* _TRY IT_
Return only the stretch of the material below that begins with the line containing "return await tag.save();" and ends with the line containing "Outline some significant", exactly; both of those lines belong to it.
(DATA FOR ANALYSIS begins)
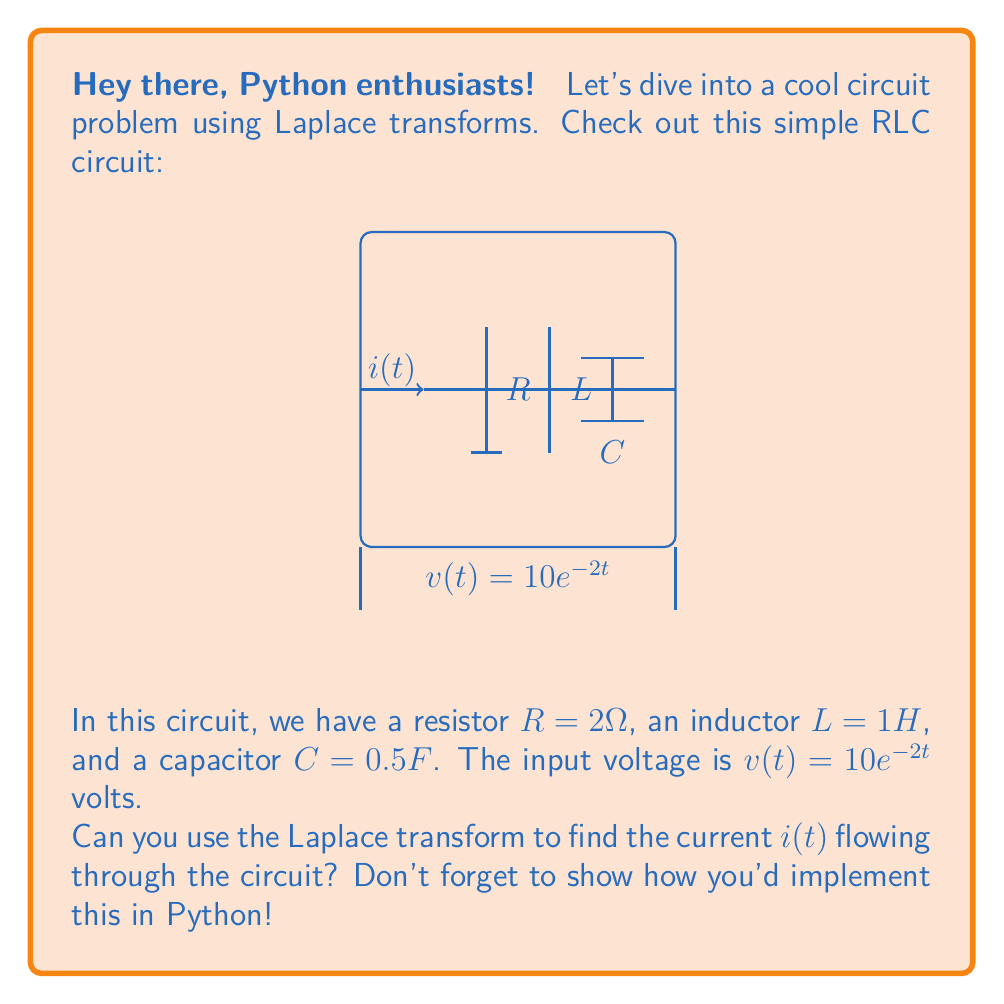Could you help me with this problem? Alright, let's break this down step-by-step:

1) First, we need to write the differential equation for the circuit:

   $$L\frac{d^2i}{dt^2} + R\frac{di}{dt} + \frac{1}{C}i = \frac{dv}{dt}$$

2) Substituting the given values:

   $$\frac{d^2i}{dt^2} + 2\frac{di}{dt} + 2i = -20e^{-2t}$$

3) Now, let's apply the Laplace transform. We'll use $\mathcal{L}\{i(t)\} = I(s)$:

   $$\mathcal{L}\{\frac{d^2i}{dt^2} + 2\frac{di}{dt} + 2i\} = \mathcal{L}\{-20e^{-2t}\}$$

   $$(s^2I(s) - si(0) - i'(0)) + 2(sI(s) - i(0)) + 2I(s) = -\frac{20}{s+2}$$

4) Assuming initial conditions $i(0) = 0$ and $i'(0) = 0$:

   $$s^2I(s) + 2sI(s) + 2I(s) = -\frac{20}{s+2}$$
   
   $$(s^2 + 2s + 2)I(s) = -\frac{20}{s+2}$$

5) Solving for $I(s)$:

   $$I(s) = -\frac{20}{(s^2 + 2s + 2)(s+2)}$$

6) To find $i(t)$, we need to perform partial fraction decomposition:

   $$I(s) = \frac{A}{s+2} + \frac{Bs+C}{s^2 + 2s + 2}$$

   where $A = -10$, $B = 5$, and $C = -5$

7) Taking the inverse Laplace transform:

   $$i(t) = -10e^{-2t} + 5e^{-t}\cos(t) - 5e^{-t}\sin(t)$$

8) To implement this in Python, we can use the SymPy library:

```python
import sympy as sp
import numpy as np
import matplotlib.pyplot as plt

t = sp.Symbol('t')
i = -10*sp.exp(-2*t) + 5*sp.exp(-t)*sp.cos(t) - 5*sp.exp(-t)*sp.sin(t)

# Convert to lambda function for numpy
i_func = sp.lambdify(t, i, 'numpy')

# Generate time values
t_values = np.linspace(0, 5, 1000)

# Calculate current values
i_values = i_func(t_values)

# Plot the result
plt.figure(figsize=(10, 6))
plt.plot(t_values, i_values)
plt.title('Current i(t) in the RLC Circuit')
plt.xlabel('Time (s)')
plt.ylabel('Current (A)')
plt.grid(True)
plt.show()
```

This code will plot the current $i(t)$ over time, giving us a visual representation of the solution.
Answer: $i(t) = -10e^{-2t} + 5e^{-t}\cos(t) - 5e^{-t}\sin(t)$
(DATA FOR ANALYSIS ends)
(DATA FOR ANALYSIS begins)
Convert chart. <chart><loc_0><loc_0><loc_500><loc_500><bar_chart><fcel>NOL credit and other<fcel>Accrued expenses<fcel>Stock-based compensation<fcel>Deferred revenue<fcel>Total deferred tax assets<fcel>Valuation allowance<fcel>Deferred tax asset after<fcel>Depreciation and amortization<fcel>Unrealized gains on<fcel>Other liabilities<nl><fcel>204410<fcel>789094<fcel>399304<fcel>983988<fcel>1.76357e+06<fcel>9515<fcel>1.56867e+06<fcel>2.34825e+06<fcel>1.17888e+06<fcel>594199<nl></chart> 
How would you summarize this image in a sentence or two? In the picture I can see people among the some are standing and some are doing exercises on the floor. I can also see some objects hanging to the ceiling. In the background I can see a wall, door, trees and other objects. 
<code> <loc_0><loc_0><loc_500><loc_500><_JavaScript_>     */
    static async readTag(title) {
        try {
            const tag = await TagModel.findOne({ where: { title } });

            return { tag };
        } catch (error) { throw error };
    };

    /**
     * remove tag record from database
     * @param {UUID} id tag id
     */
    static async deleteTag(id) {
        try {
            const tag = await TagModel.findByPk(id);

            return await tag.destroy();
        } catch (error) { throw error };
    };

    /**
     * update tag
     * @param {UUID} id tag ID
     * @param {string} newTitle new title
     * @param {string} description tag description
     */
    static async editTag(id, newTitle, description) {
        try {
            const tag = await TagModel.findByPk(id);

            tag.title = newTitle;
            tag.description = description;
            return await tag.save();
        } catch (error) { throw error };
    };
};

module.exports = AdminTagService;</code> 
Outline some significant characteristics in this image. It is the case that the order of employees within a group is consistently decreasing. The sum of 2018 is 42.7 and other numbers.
(DATA FOR ANALYSIS ends)
(DATA FOR ANALYSIS begins)
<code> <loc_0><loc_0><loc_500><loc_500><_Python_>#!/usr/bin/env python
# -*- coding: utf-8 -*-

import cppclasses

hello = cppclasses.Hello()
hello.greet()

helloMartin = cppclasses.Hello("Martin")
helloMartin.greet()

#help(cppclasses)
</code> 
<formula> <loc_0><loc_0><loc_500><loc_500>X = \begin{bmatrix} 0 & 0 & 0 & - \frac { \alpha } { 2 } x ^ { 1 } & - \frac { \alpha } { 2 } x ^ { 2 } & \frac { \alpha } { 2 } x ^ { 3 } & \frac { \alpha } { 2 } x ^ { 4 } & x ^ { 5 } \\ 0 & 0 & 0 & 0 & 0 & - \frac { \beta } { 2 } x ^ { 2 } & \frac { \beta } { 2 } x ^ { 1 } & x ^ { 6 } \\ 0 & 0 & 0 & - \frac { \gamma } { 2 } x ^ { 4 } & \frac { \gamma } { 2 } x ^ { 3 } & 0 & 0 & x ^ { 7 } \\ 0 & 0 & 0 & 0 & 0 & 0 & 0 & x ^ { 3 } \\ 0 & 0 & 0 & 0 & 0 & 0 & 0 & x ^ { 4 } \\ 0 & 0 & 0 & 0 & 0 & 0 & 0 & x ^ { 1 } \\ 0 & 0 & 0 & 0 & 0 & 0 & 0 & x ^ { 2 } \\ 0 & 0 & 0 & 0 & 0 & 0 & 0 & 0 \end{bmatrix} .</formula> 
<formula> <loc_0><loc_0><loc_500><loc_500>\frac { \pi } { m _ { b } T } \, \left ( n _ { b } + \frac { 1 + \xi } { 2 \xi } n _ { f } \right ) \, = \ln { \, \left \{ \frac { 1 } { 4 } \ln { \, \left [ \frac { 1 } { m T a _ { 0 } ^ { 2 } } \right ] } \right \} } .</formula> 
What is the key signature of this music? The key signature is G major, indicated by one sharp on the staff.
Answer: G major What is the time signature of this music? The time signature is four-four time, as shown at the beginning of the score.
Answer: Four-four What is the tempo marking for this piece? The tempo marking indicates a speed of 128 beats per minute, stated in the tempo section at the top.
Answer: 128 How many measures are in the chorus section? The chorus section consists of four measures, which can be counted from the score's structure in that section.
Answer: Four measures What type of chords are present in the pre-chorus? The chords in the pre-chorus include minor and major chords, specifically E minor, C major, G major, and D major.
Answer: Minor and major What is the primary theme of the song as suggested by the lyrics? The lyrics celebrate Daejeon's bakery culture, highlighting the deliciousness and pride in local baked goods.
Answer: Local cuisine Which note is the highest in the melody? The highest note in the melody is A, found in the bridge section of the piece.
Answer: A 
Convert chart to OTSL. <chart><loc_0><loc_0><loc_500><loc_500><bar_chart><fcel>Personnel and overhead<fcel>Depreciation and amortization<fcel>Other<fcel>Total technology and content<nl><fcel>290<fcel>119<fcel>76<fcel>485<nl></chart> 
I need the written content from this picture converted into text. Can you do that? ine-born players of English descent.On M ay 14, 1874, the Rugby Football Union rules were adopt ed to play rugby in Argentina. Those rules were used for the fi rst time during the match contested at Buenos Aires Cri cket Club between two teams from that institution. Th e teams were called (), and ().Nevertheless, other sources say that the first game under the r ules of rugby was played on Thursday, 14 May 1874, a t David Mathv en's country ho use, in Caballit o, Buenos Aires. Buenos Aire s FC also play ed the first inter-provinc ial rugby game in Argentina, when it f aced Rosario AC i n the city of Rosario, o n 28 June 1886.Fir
(DATA FOR ANALYSIS ends)
* _ANSWER SPACE_
            return await tag.save();
        } catch (error) { throw error };
    };
};

module.exports = AdminTagService;</code> 
Outline some significant characteristics in this image. It is the case that the order of employees within a group is consistently decreasing. The sum of 2018 is 42.7 and other numbers.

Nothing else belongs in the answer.